### [Data supplied]
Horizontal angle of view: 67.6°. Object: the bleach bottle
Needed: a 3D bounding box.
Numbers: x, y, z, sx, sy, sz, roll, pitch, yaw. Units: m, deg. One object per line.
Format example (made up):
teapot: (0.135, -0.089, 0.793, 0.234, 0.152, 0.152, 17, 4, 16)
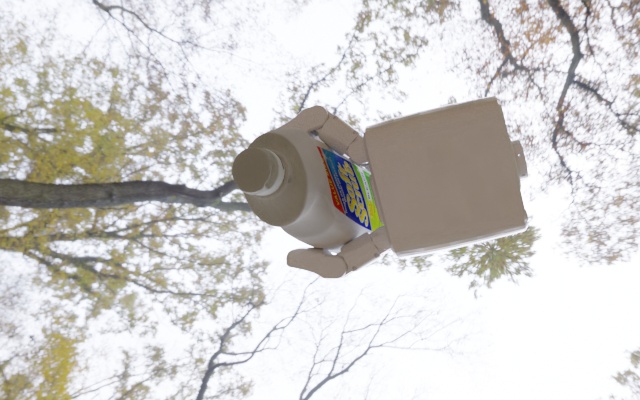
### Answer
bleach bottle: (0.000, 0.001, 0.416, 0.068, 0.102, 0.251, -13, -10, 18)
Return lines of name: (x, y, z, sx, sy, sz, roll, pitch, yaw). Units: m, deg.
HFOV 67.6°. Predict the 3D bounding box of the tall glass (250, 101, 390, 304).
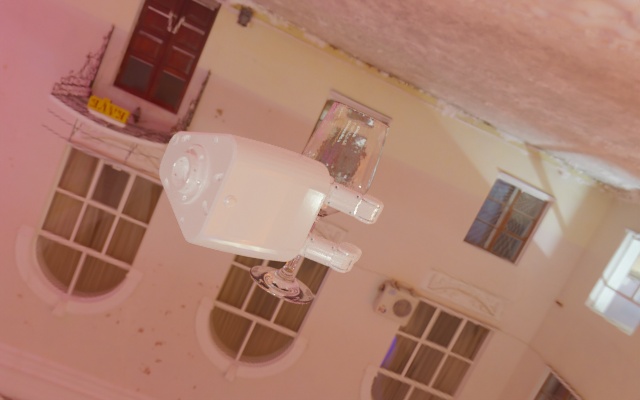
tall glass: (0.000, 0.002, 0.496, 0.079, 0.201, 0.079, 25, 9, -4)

### [Your objective]
Locate the line containing "HFOV 67.6°. Predict" in the material above, then repeat it and every later line exactly, with no pictures.

### [Solution to this problem]
HFOV 67.6°. Predict the 3D bounding box of the tall glass (250, 101, 390, 304).
tall glass: (0.000, 0.002, 0.496, 0.079, 0.201, 0.079, 25, 9, -4)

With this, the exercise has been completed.